Miller served as a site reporter for three years with the National Endowment for the Arts, and as a professional theatre panelist with the Lila Wallace-Reader's Digest Fund in New York City. He is an alumnus of the University of Richmond, and is privileged to credit three teachers as mentors: Jack Welsh, and the late Marion Waymack and Bernard Schutte. He also thanks those who taught by example: Pete and Nancy Kilgore, Muriel McAuley, Buddy and Betty Callahan, and Lou and Fran Rubin.

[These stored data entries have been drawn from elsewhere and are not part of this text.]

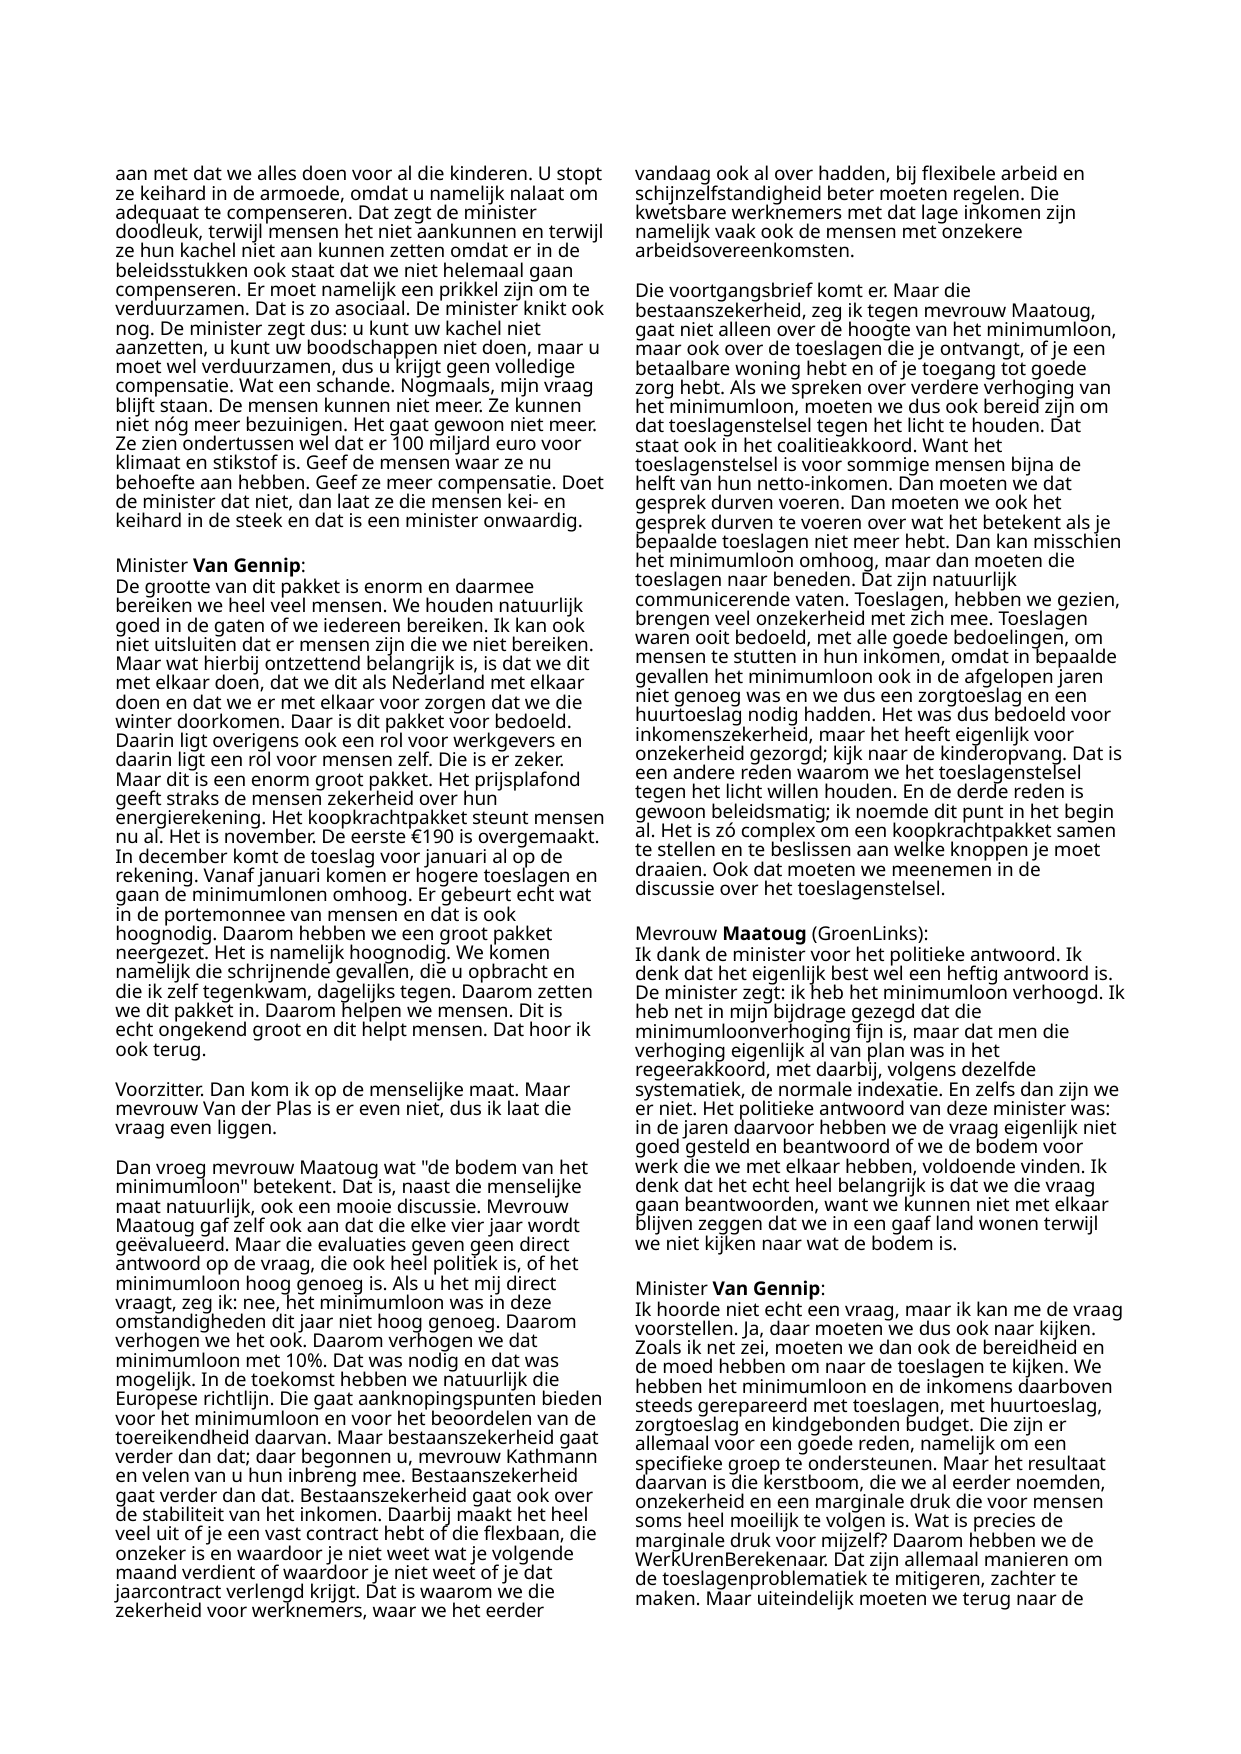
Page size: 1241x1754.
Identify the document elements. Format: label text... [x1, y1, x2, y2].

text vandaag ook al over hadden, bij flexibele arbeid en schijnzelfstandigheid beter moeten regelen. Die kwetsbare werknemers met dat lage inkomen zijn namelijk vaak ook de mensen met onzekere arbeidsovereenkomsten. [635, 165, 1125, 262]
text Mevrouw Maatoug (GroenLinks): [635, 920, 1125, 946]
text Ik dank de minister voor het politieke antwoord. Ik denk dat het eigenlijk best wel een heftig antwoord is. De minister zegt: ik heb het minimumloon verhoogd. Ik heb net in mijn bijdrage gezegd dat die minimumloonverhoging fijn is, maar dat men die verhoging eigenlijk al van plan was in het regeerakkoord, met daarbij, volgens dezelfde systematiek, de normale indexatie. En zelfs dan zijn we er niet. Het politieke antwoord van deze minister was: in de jaren daarvoor hebben we de vraag eigenlijk niet goed gesteld en beantwoord of we de bodem voor werk die we met elkaar hebben, voldoende vinden. Ik denk dat het echt heel belangrijk is dat we die vraag gaan beantwoorden, want we kunnen niet met elkaar blijven zeggen dat we in een gaaf land wonen terwijl we niet kijken naar wat de bodem is. [635, 946, 1125, 1254]
text Minister Van Gennip: [635, 1275, 1125, 1301]
text Die voortgangsbrief komt er. Maar die bestaanszekerheid, zeg ik tegen mevrouw Maatoug, gaat niet alleen over de hoogte van het minimumloon, maar ook over de toeslagen die je ontvangt, of je een betaalbare woning hebt en of je toegang tot goede zorg hebt. Als we spreken over verdere verhoging van het minimumloon, moeten we dus ook bereid zijn om dat toeslagenstelsel tegen het licht te houden. Dat staat ook in het coalitieakkoord. Want het toeslagenstelsel is voor sommige mensen bijna de helft van hun netto-inkomen. Dan moeten we dat gesprek durven voeren. Dan moeten we ook het gesprek durven te voeren over wat het betekent als je bepaalde toeslagen niet meer hebt. Dan kan misschien het minimumloon omhoog, maar dan moeten die toeslagen naar beneden. Dat zijn natuurlijk communicerende vaten. Toeslagen, hebben we gezien, brengen veel onzekerheid met zich mee. Toeslagen waren ooit bedoeld, met alle goede bedoelingen, om mensen te stutten in hun inkomen, omdat in bepaalde gevallen het minimumloon ook in de afgelopen jaren niet genoeg was en we dus een zorgtoeslag en een huurtoeslag nodig hadden. Het was dus bedoeld voor inkomenszekerheid, maar het heeft eigenlijk voor onzekerheid gezorgd; kijk naar de kinderopvang. Dat is een andere reden waarom we het toeslagenstelsel tegen het licht willen houden. En de derde reden is gewoon beleidsmatig; ik noemde dit punt in het begin al. Het is zó complex om een koopkrachtpakket samen te stellen en te beslissen aan welke knoppen je moet draaien. Ook dat moeten we meenemen in de discussie over het toeslagenstelsel. [635, 282, 1125, 899]
text Minister Van Gennip: [115, 552, 605, 578]
text Ik hoorde niet echt een vraag, maar ik kan me de vraag voorstellen. Ja, daar moeten we dus ook naar kijken. Zoals ik net zei, moeten we dan ook de bereidheid en de moed hebben om naar de toeslagen te kijken. We hebben het minimumloon en de inkomens daarboven steeds gerepareerd met toeslagen, met huurtoeslag, zorgtoeslag en kindgebonden budget. Die zijn er allemaal voor een goede reden, namelijk om een specifieke groep te ondersteunen. Maar het resultaat daarvan is die kerstboom, die we al eerder noemden, onzekerheid en een marginale druk die voor mensen soms heel moeilijk te volgen is. Wat is precies de marginale druk voor mijzelf? Daarom hebben we de WerkUrenBerekenaar. Dat zijn allemaal manieren om de toeslagenproblematiek te mitigeren, zachter te maken. Maar uiteindelijk moeten we terug naar de [635, 1301, 1125, 1609]
text Voorzitter. Dan kom ik op de menselijke maat. Maar mevrouw Van der Plas is er even niet, dus ik laat die vraag even liggen. [115, 1081, 605, 1138]
text aan met dat we alles doen voor al die kinderen. U stopt ze keihard in de armoede, omdat u namelijk nalaat om adequaat te compenseren. Dat zegt de minister doodleuk, terwijl mensen het niet aankunnen en terwijl ze hun kachel niet aan kunnen zetten omdat er in de beleidsstukken ook staat dat we niet helemaal gaan compenseren. Er moet namelijk een prikkel zijn om te verduurzamen. Dat is zo asociaal. De minister knikt ook nog. De minister zegt dus: u kunt uw kachel niet aanzetten, u kunt uw boodschappen niet doen, maar u moet wel verduurzamen, dus u krijgt geen volledige compensatie. Wat een schande. Nogmaals, mijn vraag blijft staan. De mensen kunnen niet meer. Ze kunnen niet nóg meer bezuinigen. Het gaat gewoon niet meer. Ze zien ondertussen wel dat er 100 miljard euro voor klimaat en stikstof is. Geef de mensen waar ze nu behoefte aan hebben. Geef ze meer compensatie. Doet de minister dat niet, dan laat ze die mensen kei- en keihard in de steek en dat is een minister onwaardig. [115, 165, 605, 531]
text Dan vroeg mevrouw Maatoug wat "de bodem van het minimumloon" betekent. Dat is, naast die menselijke maat natuurlijk, ook een mooie discussie. Mevrouw Maatoug gaf zelf ook aan dat die elke vier jaar wordt geëvalueerd. Maar die evaluaties geven geen direct antwoord op de vraag, die ook heel politiek is, of het minimumloon hoog genoeg is. Als u het mij direct vraagt, zeg ik: nee, het minimumloon was in deze omstandigheden dit jaar niet hoog genoeg. Daarom verhogen we het ook. Daarom verhogen we dat minimumloon met 10%. Dat was nodig en dat was mogelijk. In de toekomst hebben we natuurlijk die Europese richtlijn. Die gaat aanknopingspunten bieden voor het minimumloon en voor het beoordelen van de toereikendheid daarvan. Maar bestaanszekerheid gaat verder dan dat; daar begonnen u, mevrouw Kathmann en velen van u hun inbreng mee. Bestaanszekerheid gaat verder dan dat. Bestaanszekerheid gaat ook over de stabiliteit van het inkomen. Daarbij maakt het heel veel uit of je een vast contract hebt of die flexbaan, die onzeker is en waardoor je niet weet wat je volgende maand verdient of waardoor je niet weet of je dat jaarcontract verlengd krijgt. Dat is waarom we die zekerheid voor werknemers, waar we het eerder [115, 1159, 605, 1622]
text De grootte van dit pakket is enorm en daarmee bereiken we heel veel mensen. We houden natuurlijk goed in de gaten of we iedereen bereiken. Ik kan ook niet uitsluiten dat er mensen zijn die we niet bereiken. Maar wat hierbij ontzettend belangrijk is, is dat we dit met elkaar doen, dat we dit als Nederland met elkaar doen en dat we er met elkaar voor zorgen dat we die winter doorkomen. Daar is dit pakket voor bedoeld. Daarin ligt overigens ook een rol voor werkgevers en daarin ligt een rol voor mensen zelf. Die is er zeker. Maar dit is een enorm groot pakket. Het prijsplafond geeft straks de mensen zekerheid over hun energierekening. Het koopkrachtpakket steunt mensen nu al. Het is november. De eerste €190 is overgemaakt. In december komt de toeslag voor januari al op de rekening. Vanaf januari komen er hogere toeslagen en gaan de minimumlonen omhoog. Er gebeurt echt wat in de portemonnee van mensen en dat is ook hoognodig. Daarom hebben we een groot pakket neergezet. Het is namelijk hoognodig. We komen namelijk die schrijnende gevallen, die u opbracht en die ik zelf tegenkwam, dagelijks tegen. Daarom zetten we dit pakket in. Daarom helpen we mensen. Dit is echt ongekend groot en dit helpt mensen. Dat hoor ik ook terug. [115, 578, 605, 1060]

In the spring of 1999, STYLE Weekly honored Bruce and Phil Whiteway by selecting them as two of the "100 Most Influential Richmonders of the Century." In 2008 Virginia Governor Timothy M. Kaine announced his selection along with Phil Whiteway of a Governor's Awards for Arts. which have only been awarded three times before - in 1979, 1985 and in 2000. Bruce Miller and Phil Whiteway share an award with Richmond's Theatre IV as the first professional children's theatre in Virginia, which has performed live for audiences totaling 28 million. Upon Bruce Miller's retirement and after a national search, Tony Award winner Nathaniel Shaw was selected to succeed founding producer Bruce Miller as artistic director at Virginia Rep and began his inaugural season in July 2016.

Bruce Miller is married to artist and stage designer Terrie Powers Miller, and they have two children—a daughter, Hannah Powers Miller, born in 1990, and a son, Curtis Wayne Miller, born in 1994. He is an ordained Presbyterian elder and was the moderator of the Christian Education Ministry at Bon Air Presbyterian Church.

The Chesterfield Observer and Richmond Magazine announced in February 2019 that Bruce Miller was chosen to head a new arts center for Chesterfield County, Virginia. Groundbreaking for the Baxter Perkinson Center for the Arts began in June 2019, with Bruce Miller as its executive director.